Best Toys For The Holidays - Blocks and Building Toys
Posted Nov 25 2009 10:00pm
A few years ago I wrote a series of posts on the "best toys for the holidays"...from a Not Quite Crunchy Perspective. Since then, my child has aged...so I'm a bit more hip on toys for elementary age kids and I was involved with a contest to find the "Best Green Toy".
So I thought I'd update a few of my "Best Toys" posts. First, if you're looking for great eco toys for upcoming events - check out theBest Green Toys Facebook Page. there are over 50 great green toys listed here and you can add your own.
And now, please see my updated post on "Best Blocks". The last part on older kids is where I've added a few new favorites!
Yesterday, we scored a big box of unit blocks on Craig’s List for $50.00, an early Christmas present for The Hamster. I was ecstatic. I danced around. I gloated. I was perhaps a bit silly. My DH commented, “They must be gold encrusted.” when he observed my glee.
I was perhaps a bit too jubilant. But this is important. Really. Unit blocks are expensive. Unit blocks are important. Unit Blocks are….blocks!
Blocks are one toy recommended by most child development experts. They are open ended. They promote creative play. They aid in developing mathematical skill, spatial relations and physics. They demonstrate the effects of gravity; promote social interaction and improve hand-eye coordination. What more could you want in a toy?
As the Back to Basics movement gains ground this year and parents look beyond electronic toys to traditional toys that actually ARE educational, blocks may make a come back. Looking for something for the children on your holiday shopping list? Try some of the blocks on this list
For infants, small, soft blocks are for rolling, stacking and most importantly knocking over. As they get a little older they will find new ways to incorporate them into their play as doll accessories and cannonballs.
1. Non-toxic (duh), fabric blocks and/or made from organic cotton are best, since we know they’ll chew them.
2. Foam blocks are another choice, though be sure that they are rated for infants or you'll be picking bits of foam out of your little one's mouth.
Toddlers, with their better fine motor control enjoy wooden stacking blocks. They also begin to recognize the folly of stacking a large rectangular block on top of a small triangular. This makes the following two good choices.
3. Standard square alphabet blocks are perfect for the younger toddler. The constant shape makes stacking easier and less frustrating for this age group.
4. This is also the time to introduce a small set of mixed wooden blocks. Most major toy retailers carry these types of blocks but they may be in the back of the store or section.
The preschool and early elementary years are the perfect time to have blocks of all sizes around.
6. Cardboard are perfect for building forts, making towers and creating castles, a popular activity with this gang. These blocks need lots of room so be sure to find a good storage container or you’ll be tripping over them on a regular basis.
7. Unit Blocks, which I’ve written about here, are perhaps the most carefully calibrated blocks around. Designed by Caroline Pratt, a well known educator specifically to aid in teaching the 4 mathematical functions, a good set will set you back a bit but will be played with for years.
8. On the other end of the spectrum are Waldorf school recommended, tree blocks. Odd shaped and including the tree bark, these smaller blocks invite fantasy play and spark imagination.

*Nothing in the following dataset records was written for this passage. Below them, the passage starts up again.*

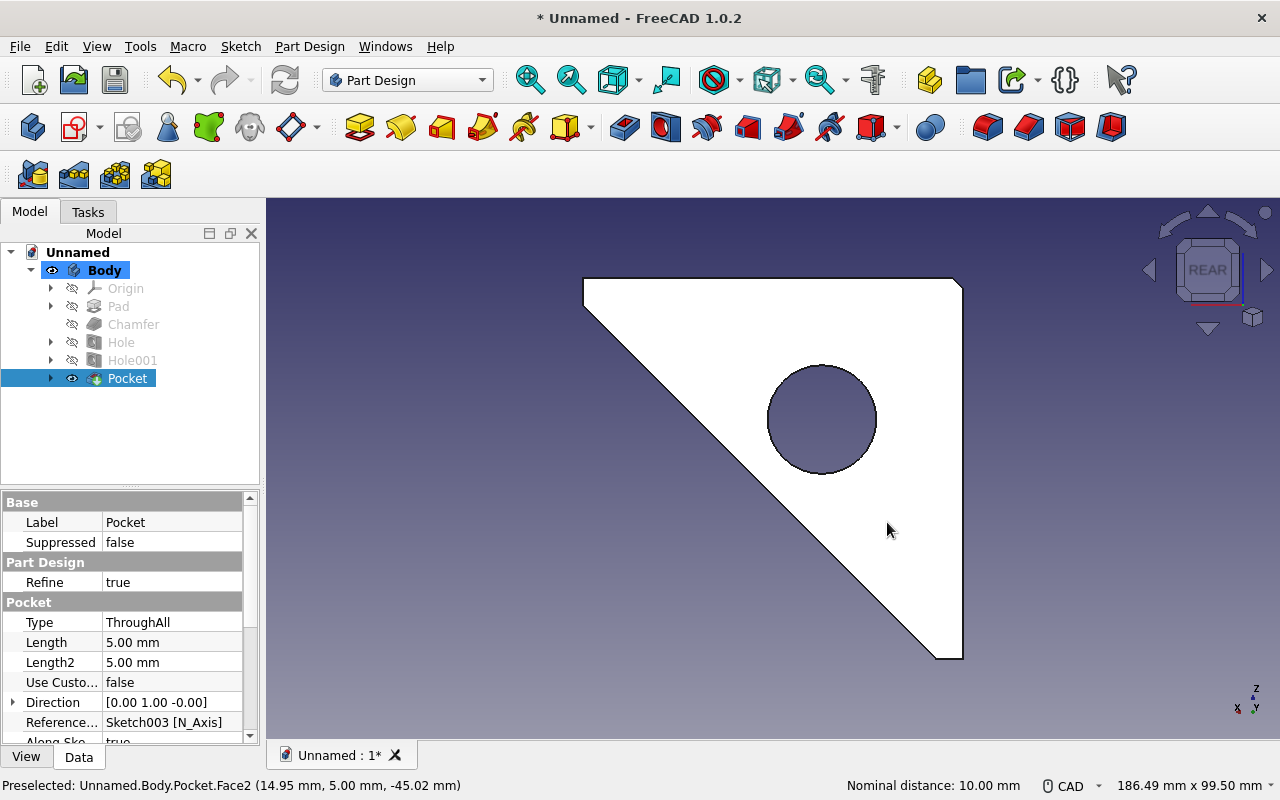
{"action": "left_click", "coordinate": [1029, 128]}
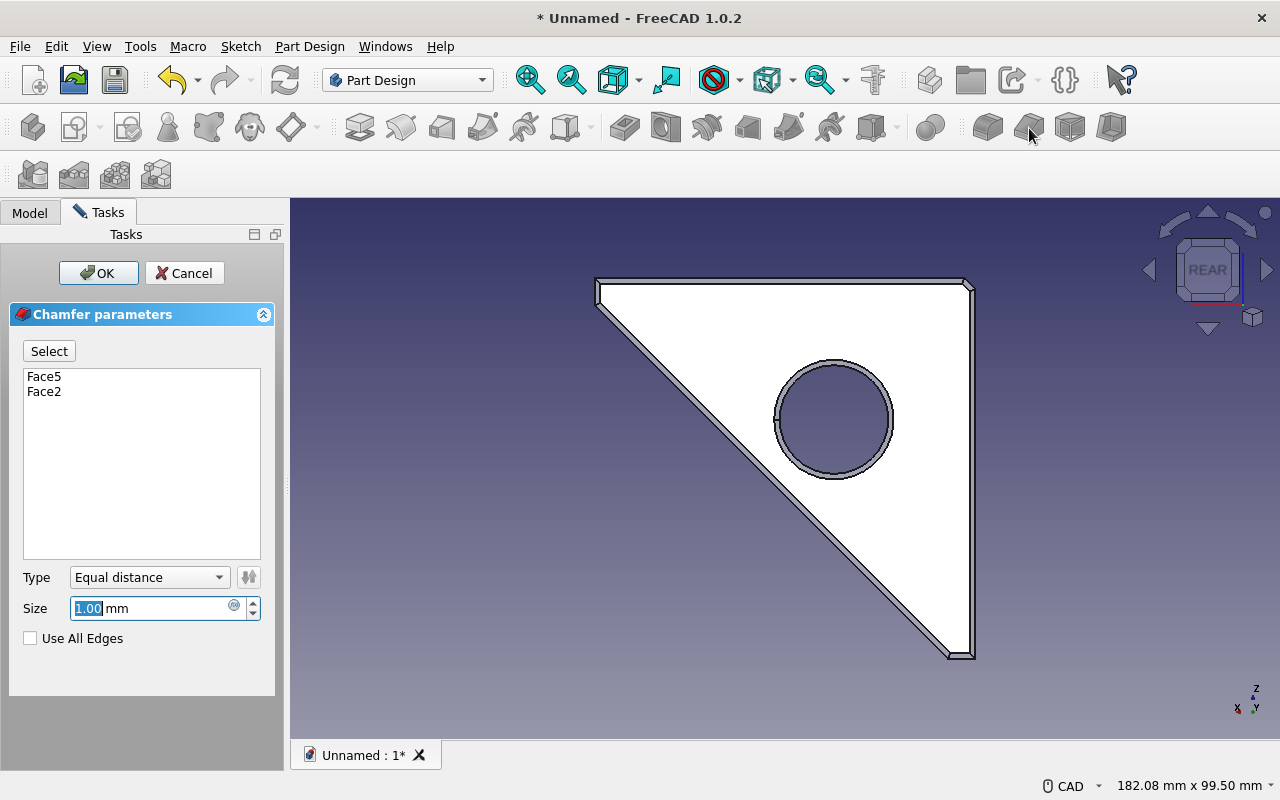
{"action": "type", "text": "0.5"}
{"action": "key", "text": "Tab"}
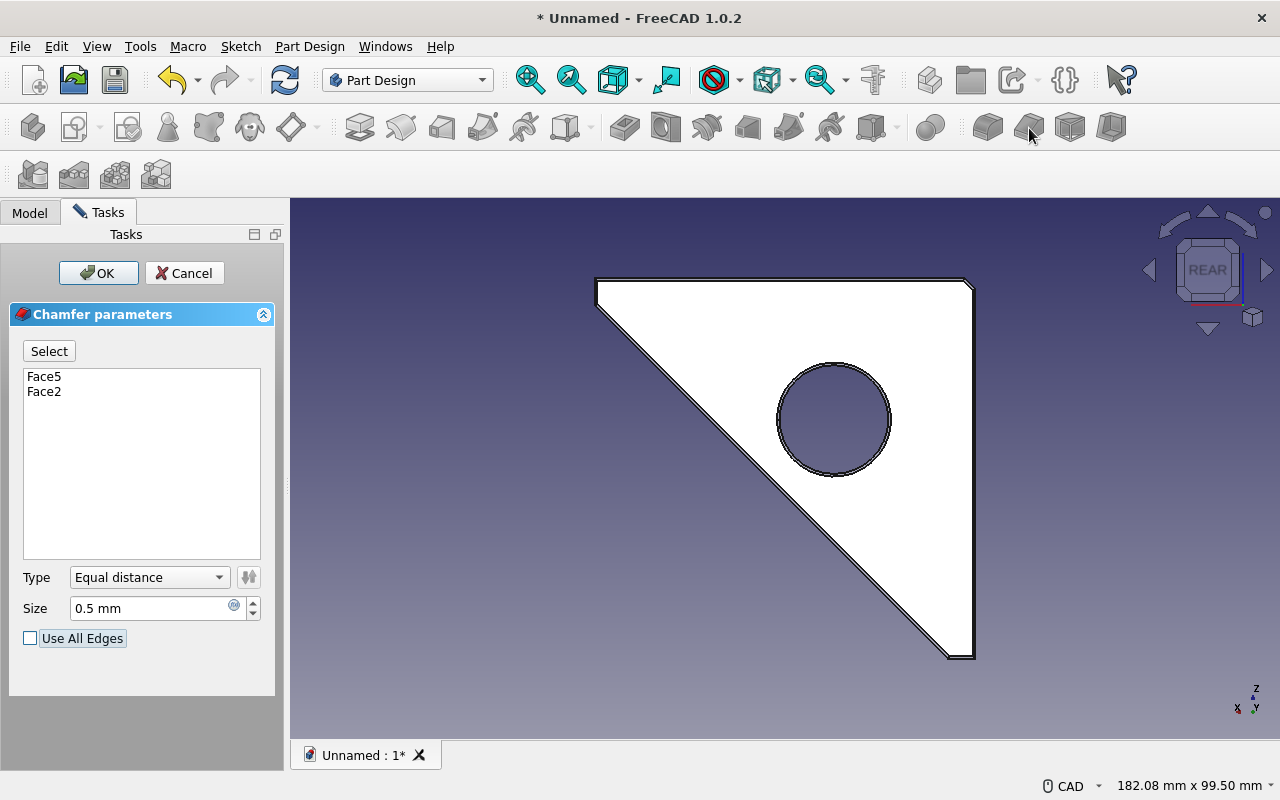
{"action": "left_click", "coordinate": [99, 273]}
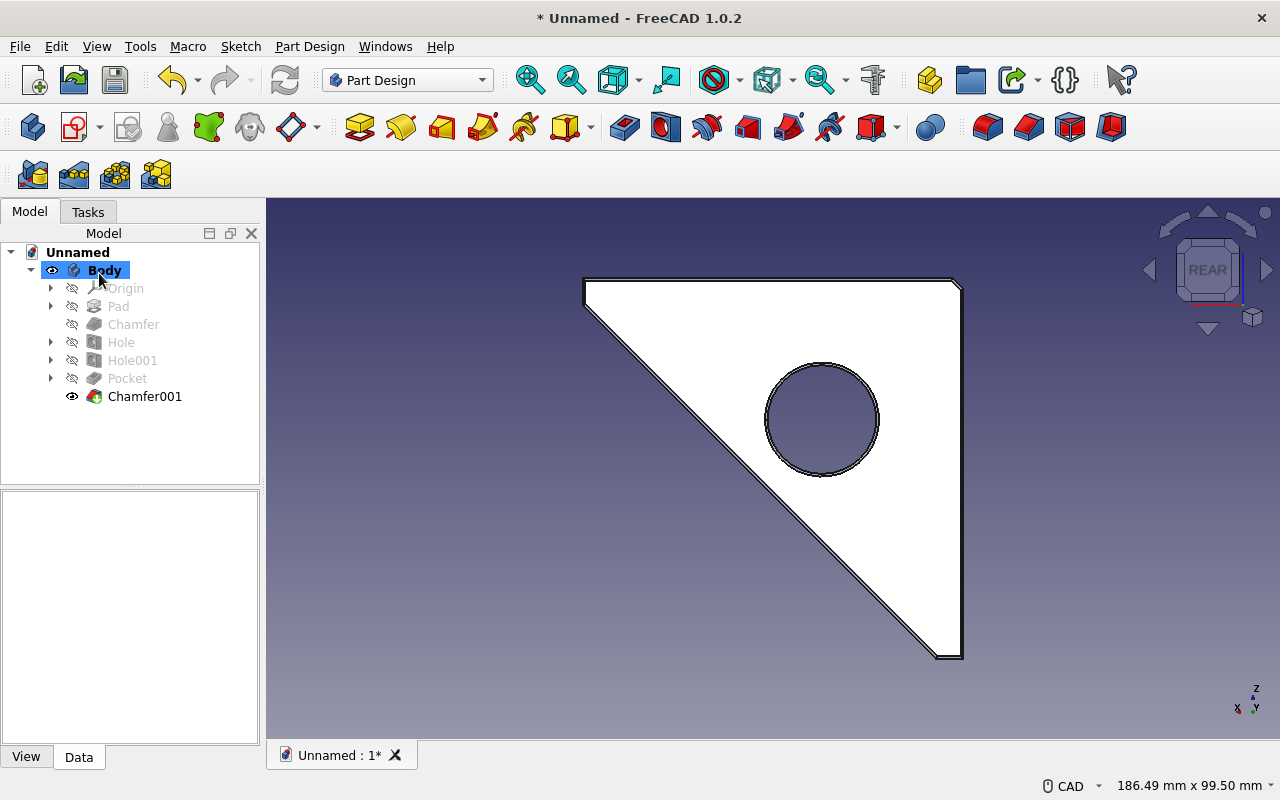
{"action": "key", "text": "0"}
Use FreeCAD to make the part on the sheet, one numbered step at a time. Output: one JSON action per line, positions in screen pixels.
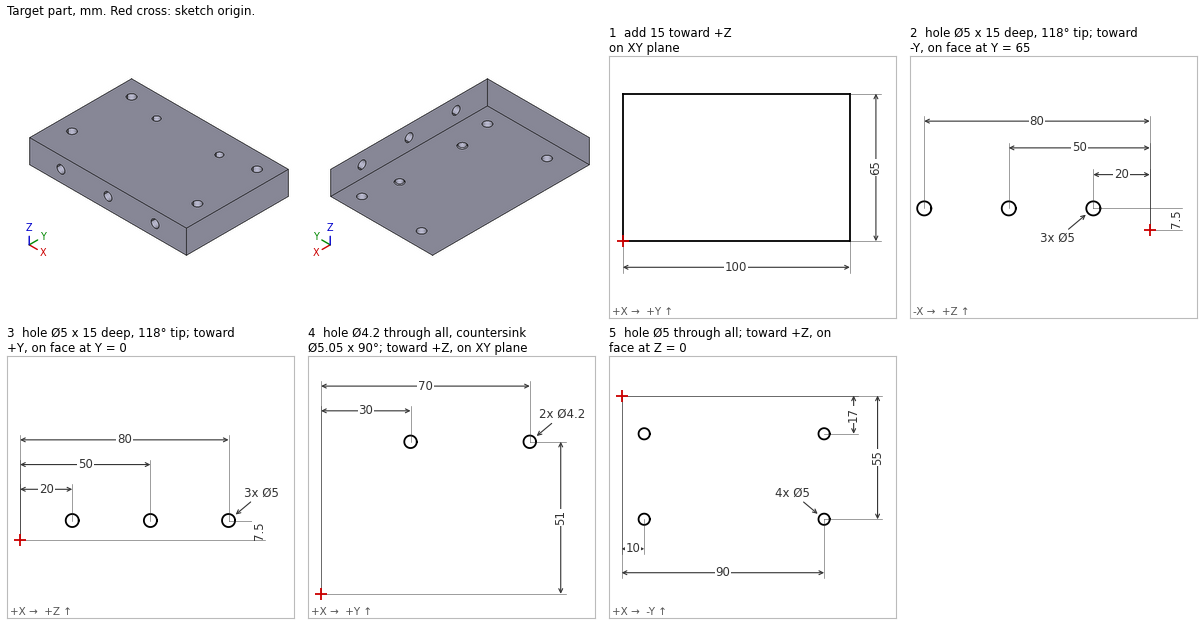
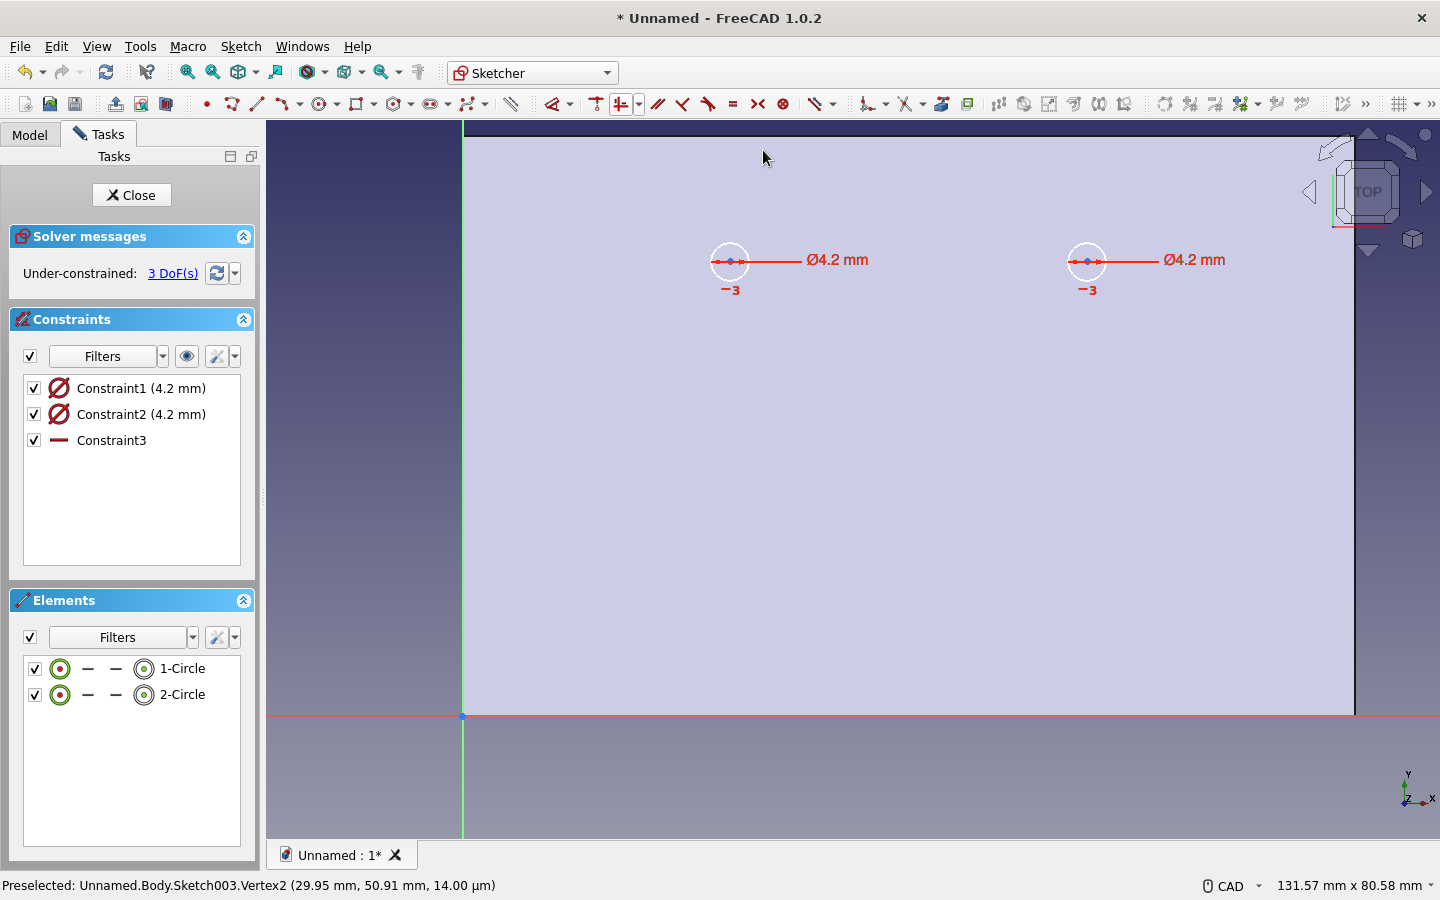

9. Action blocks and build your own marble runs are also great for this age. Note I mention, “build your own”. Pre-build marble runs are what we call “10 second toys” around here. You play with them for a day or so then you’re done. A marble run with lots of variations provides greater play value.
Is nine too old for blocks? How about twelve or Fifteen? Well no, not for these blocks. As children begin their study of higher mathematics, physics, ancient civilizations too, blocks can be a great tool to enhance their learning!
10. Architectural blocks include shapes perfect for building castles, palaces, skyscrapers and pyramids. The smaller size makes these more appropriate for older children and creations can be displayed on a shelf or dresser top.
11. For master builders, brick building sets that include mortar for permanence may be attractive. Note: encourage the reusable version of play first or you may find your wallet a little lighter as you buy more and more sets
12. Legos - yes, they've been around for years. Yes, they have integrated a number of commercial characters and the sometimes violent themes may not be appropriate for younger children, but they remain a super building toy and one that lasts for years.
13. K'nex - I was only introduced to these this year, but they've found a place on our toy shelf because they offer a classic open-ended building toy with more options for three dimensional play than some of the standard blocks and Legos. (See a recent review here.)
14. Lincoln Logs - I have to add these because they remain a favorite in our house. I find my son uses them less as a straight building toy than as a prop for his storytelling - that's a good thing as it extends building into imaginary play!
Did I forget any? Do your kids play with blocks? what good ideas do you have?